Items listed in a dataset
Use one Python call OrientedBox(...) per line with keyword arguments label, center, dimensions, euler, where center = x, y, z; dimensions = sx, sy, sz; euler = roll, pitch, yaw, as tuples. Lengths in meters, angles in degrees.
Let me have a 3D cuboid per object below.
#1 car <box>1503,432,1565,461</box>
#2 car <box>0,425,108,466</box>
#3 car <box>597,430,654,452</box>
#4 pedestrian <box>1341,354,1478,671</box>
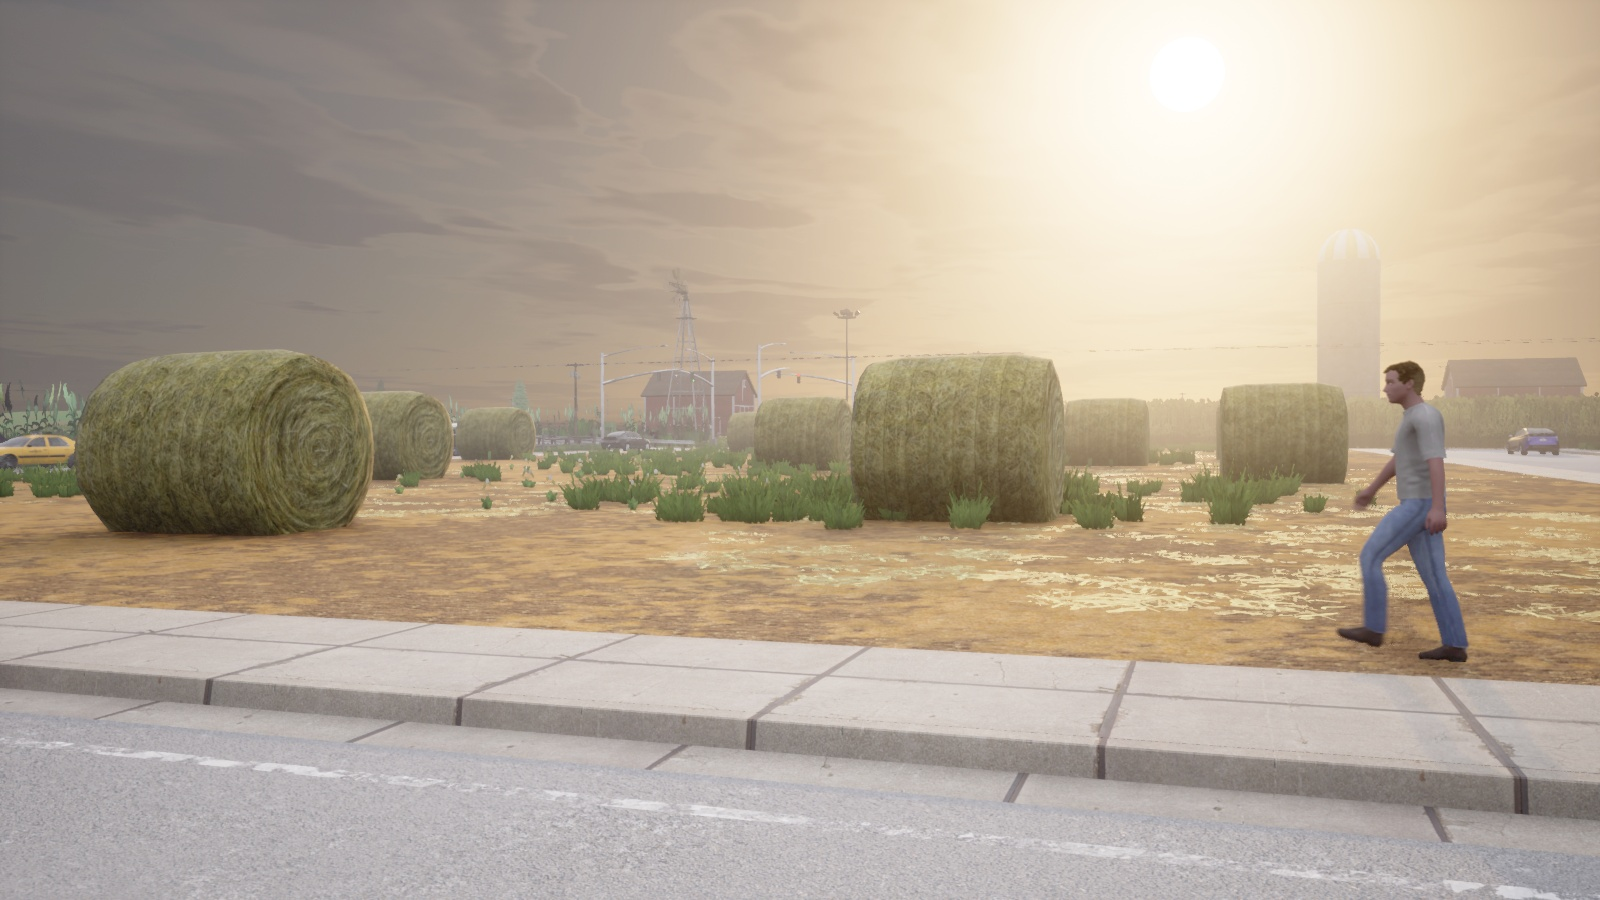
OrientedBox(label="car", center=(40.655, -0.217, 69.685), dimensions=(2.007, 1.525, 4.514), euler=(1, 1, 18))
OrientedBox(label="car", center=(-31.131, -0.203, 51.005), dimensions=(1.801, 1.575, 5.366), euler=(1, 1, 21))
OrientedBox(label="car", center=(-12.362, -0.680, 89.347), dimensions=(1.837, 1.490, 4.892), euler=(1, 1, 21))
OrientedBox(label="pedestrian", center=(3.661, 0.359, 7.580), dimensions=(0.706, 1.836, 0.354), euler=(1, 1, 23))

--

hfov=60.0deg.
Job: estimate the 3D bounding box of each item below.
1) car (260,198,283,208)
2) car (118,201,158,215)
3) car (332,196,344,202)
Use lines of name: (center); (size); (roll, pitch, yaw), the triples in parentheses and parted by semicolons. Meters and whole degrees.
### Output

● Prompt: Extract exactly and only the lines above from the line containing "Use one Python" through the line containing "#3 car <box>597,430,654,452</box>", both end lines included.

● Output for this exercise:
Use one Python call OrientedBox(...) per line with keyword arguments label, center, dimensions, euler, where center = x, y, z; dimensions = sx, sy, sz; euler = roll, pitch, yaw, as tuples. Lengths in meters, angles in degrees.
Let me have a 3D cuboid per object below.
#1 car <box>1503,432,1565,461</box>
#2 car <box>0,425,108,466</box>
#3 car <box>597,430,654,452</box>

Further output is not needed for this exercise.